Task statement -> Restate word for word the entries below, starting with the line with "5) shelving unit at [908, 94, 1029, 555]" and continuing through the line with "7) rack shelf at [908, 117, 1029, 273]". Include both of those lines and no others.

Provided material ->

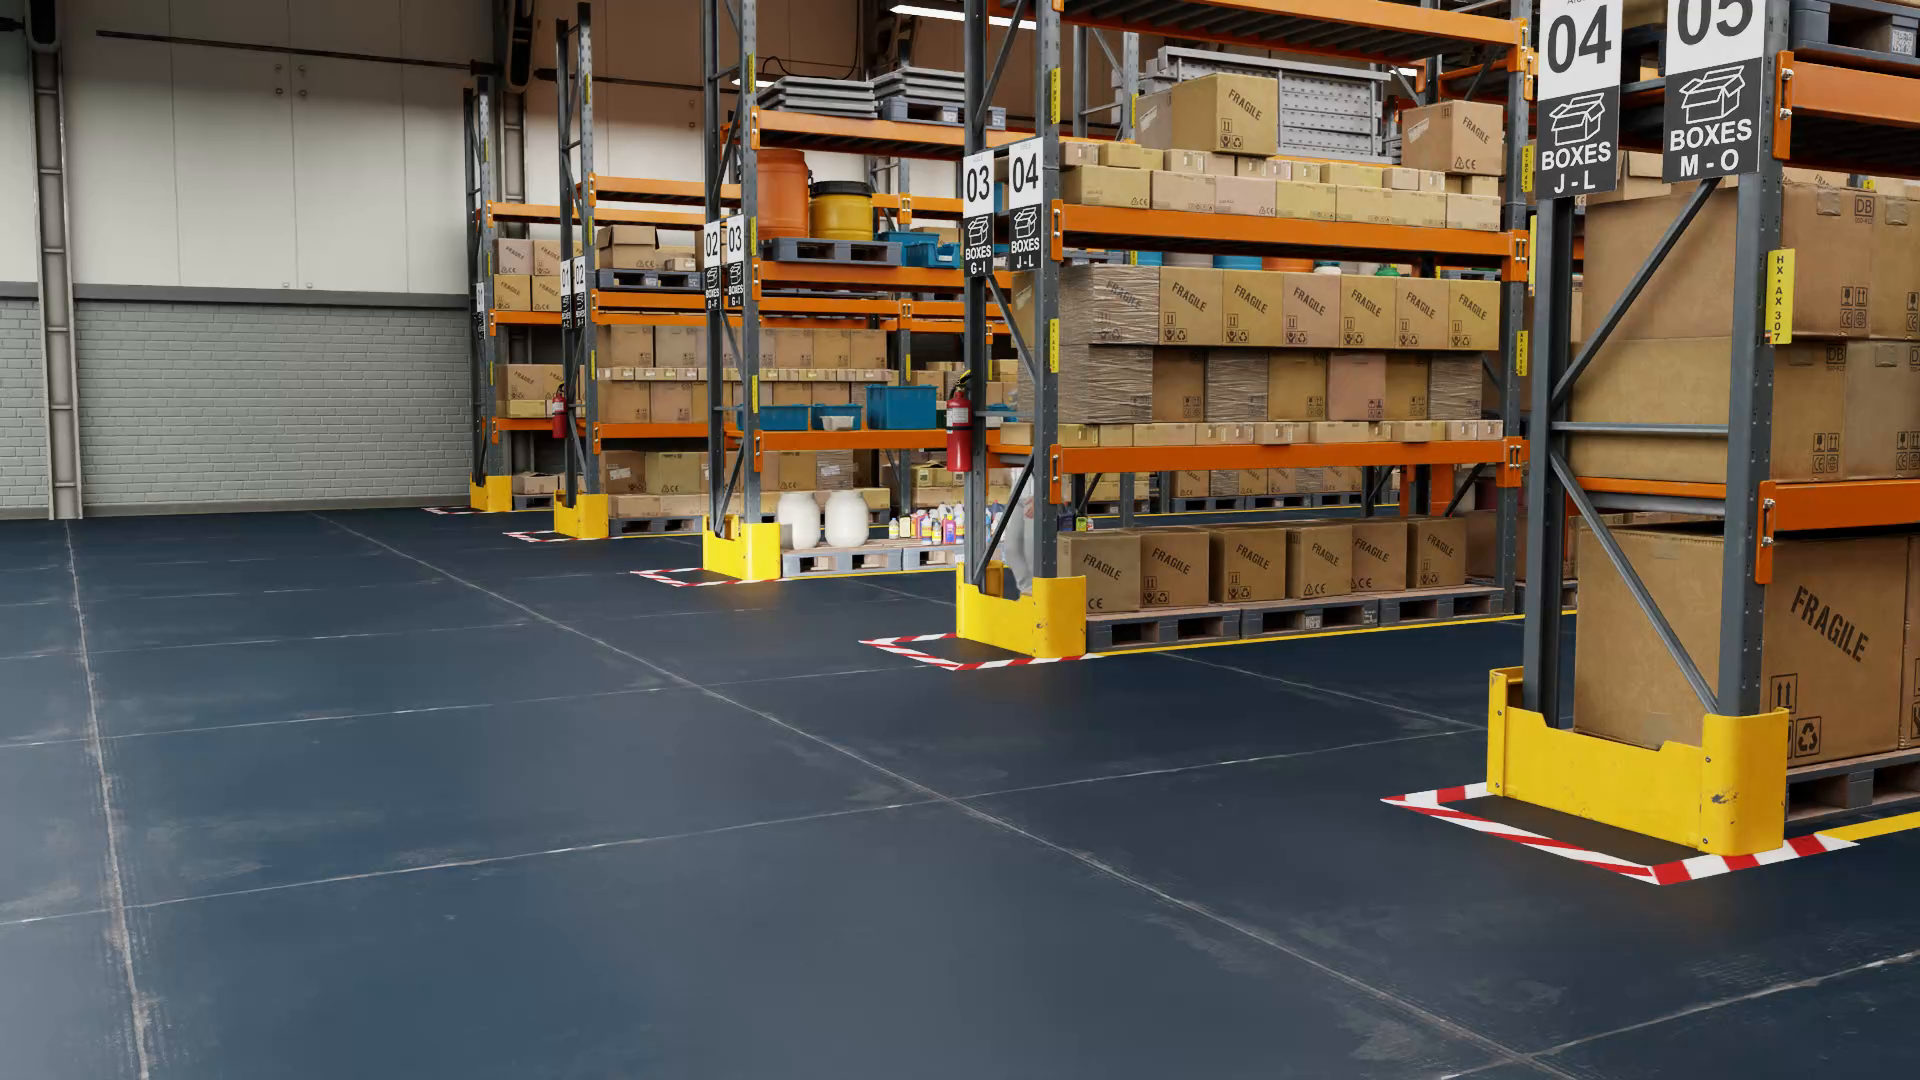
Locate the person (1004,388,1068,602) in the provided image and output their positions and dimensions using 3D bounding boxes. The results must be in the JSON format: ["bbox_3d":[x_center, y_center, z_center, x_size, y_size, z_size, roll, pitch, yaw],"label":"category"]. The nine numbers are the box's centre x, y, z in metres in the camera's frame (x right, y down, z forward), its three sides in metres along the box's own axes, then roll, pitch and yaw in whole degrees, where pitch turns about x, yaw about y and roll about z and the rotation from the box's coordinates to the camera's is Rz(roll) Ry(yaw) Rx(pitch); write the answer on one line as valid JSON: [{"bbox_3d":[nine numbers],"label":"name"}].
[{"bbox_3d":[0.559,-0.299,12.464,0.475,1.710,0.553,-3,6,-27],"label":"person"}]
* * *
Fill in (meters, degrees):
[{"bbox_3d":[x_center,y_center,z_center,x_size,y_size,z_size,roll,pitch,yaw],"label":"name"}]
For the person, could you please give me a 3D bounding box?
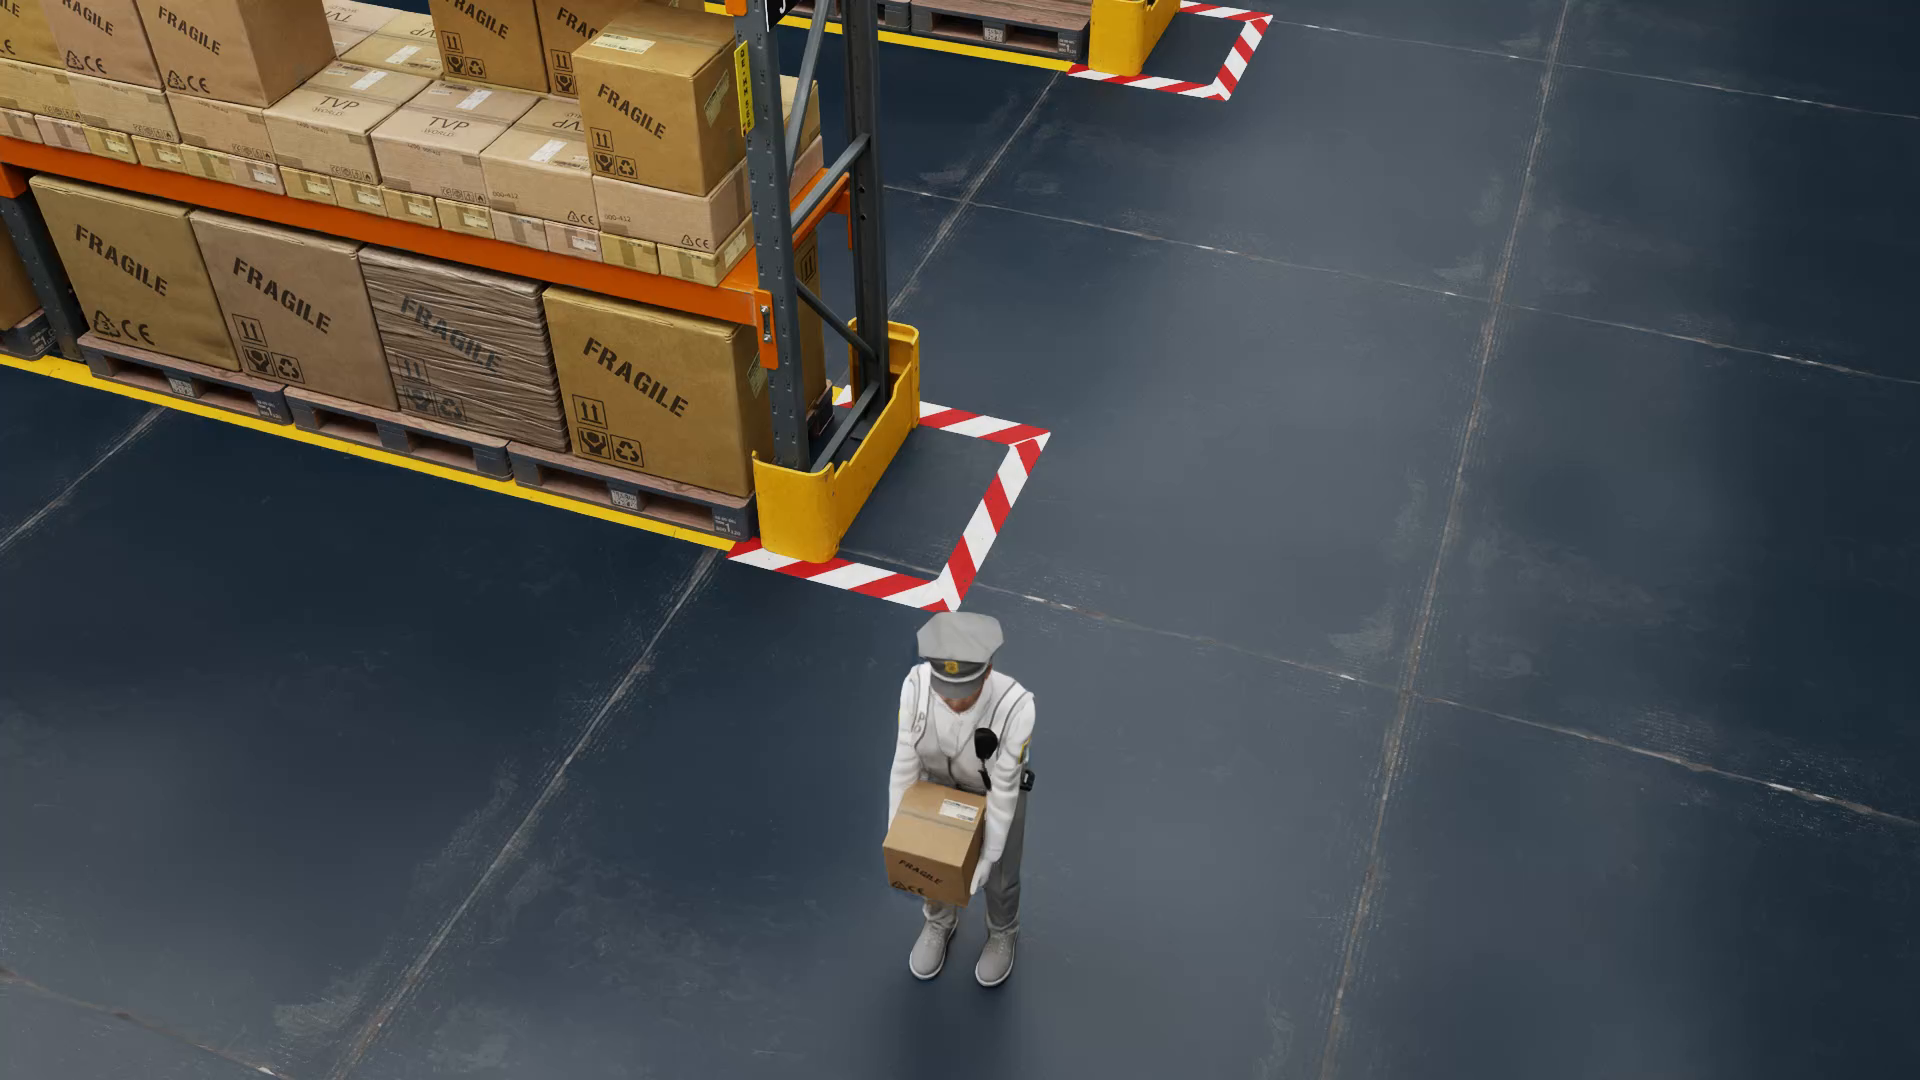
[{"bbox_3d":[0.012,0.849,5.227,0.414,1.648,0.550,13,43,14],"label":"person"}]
--
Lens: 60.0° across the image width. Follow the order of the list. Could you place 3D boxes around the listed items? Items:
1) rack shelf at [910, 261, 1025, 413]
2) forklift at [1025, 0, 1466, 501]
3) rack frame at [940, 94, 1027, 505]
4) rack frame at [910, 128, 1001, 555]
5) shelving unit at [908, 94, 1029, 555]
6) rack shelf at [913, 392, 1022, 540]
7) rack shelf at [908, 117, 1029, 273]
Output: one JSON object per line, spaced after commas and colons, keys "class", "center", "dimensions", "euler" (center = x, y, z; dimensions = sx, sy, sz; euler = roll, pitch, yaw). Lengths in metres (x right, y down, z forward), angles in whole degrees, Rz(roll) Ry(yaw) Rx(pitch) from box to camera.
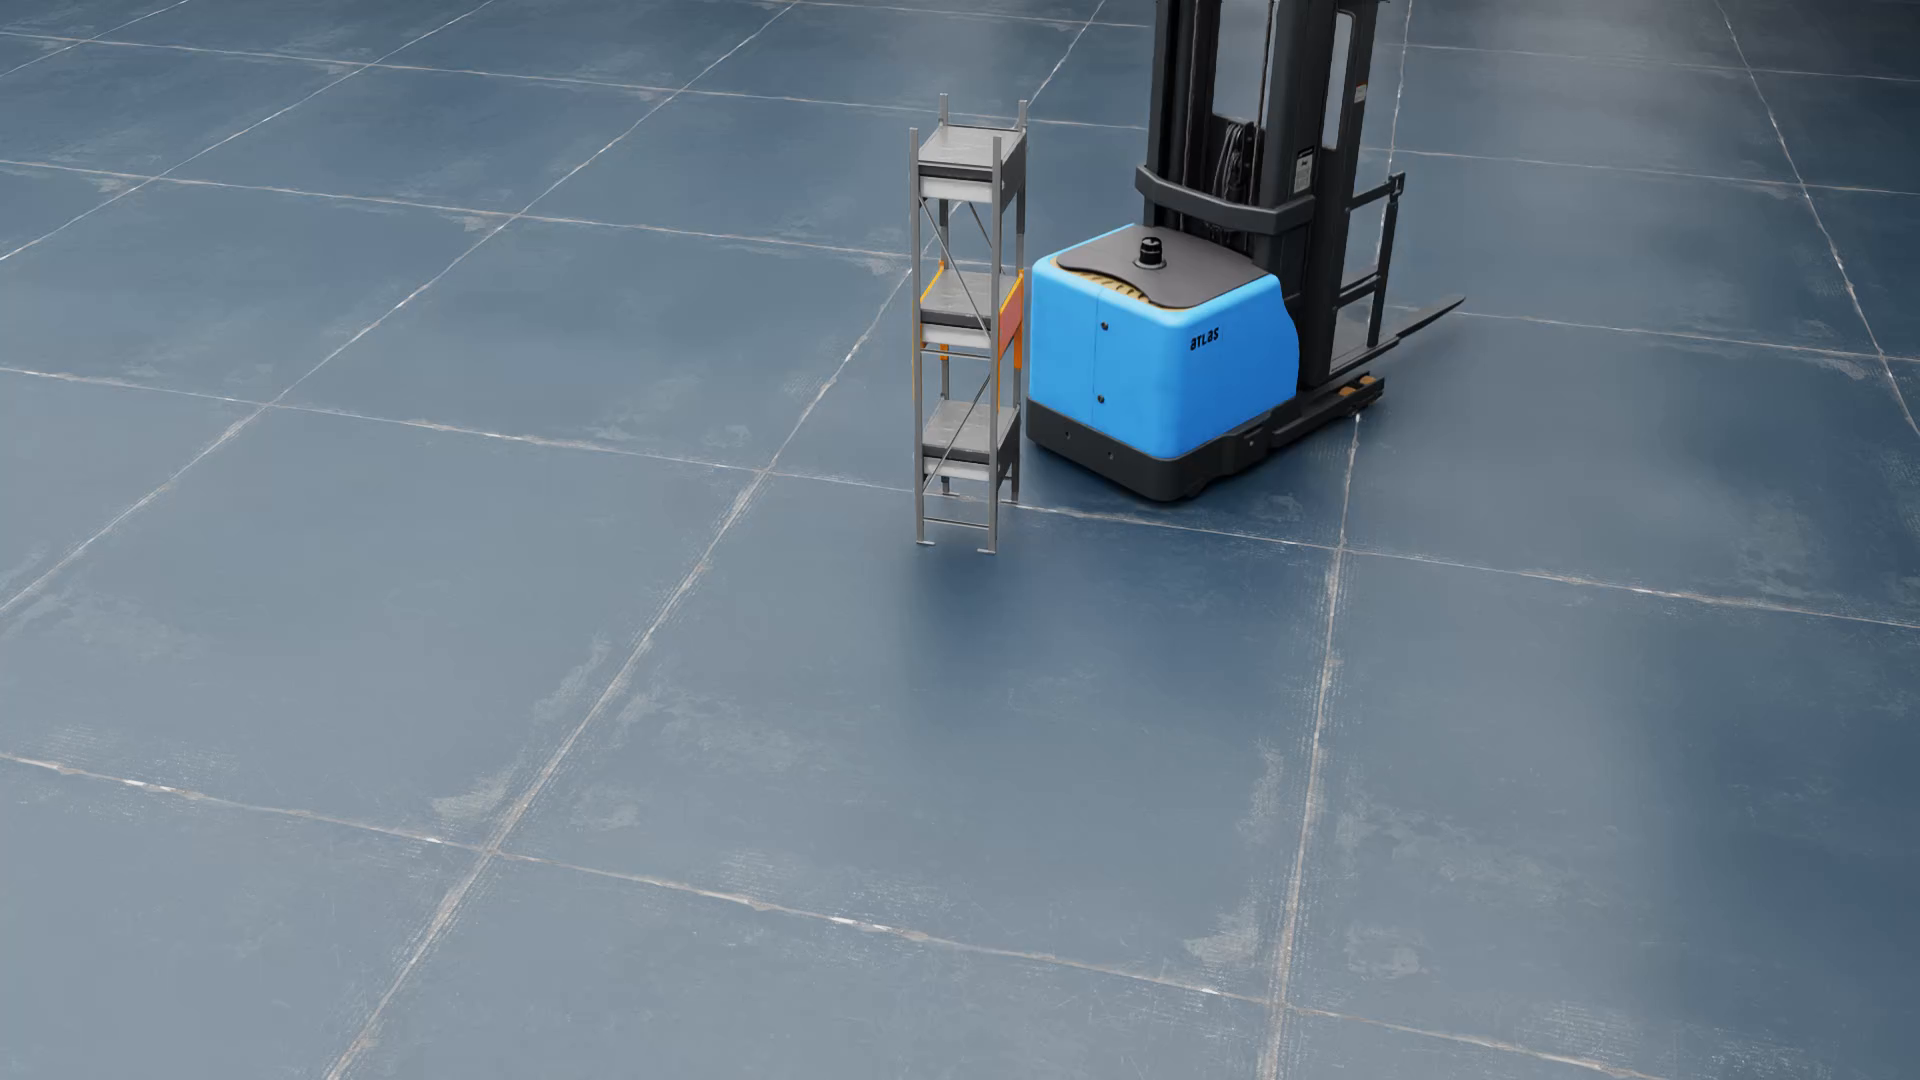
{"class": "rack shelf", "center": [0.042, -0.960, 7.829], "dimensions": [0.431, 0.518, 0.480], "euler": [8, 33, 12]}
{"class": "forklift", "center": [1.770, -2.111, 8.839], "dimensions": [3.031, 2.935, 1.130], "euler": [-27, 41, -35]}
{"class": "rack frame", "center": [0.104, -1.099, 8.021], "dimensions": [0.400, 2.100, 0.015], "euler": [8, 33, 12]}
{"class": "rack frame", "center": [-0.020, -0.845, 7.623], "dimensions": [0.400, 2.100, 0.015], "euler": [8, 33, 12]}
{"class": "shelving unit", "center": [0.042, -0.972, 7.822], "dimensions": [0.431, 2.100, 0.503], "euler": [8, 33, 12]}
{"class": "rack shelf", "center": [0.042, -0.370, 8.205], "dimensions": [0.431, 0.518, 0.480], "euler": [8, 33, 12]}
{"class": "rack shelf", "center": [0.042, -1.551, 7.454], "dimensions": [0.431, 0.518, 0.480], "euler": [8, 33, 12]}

Your solution ->
5) shelving unit at [908, 94, 1029, 555]
6) rack shelf at [913, 392, 1022, 540]
7) rack shelf at [908, 117, 1029, 273]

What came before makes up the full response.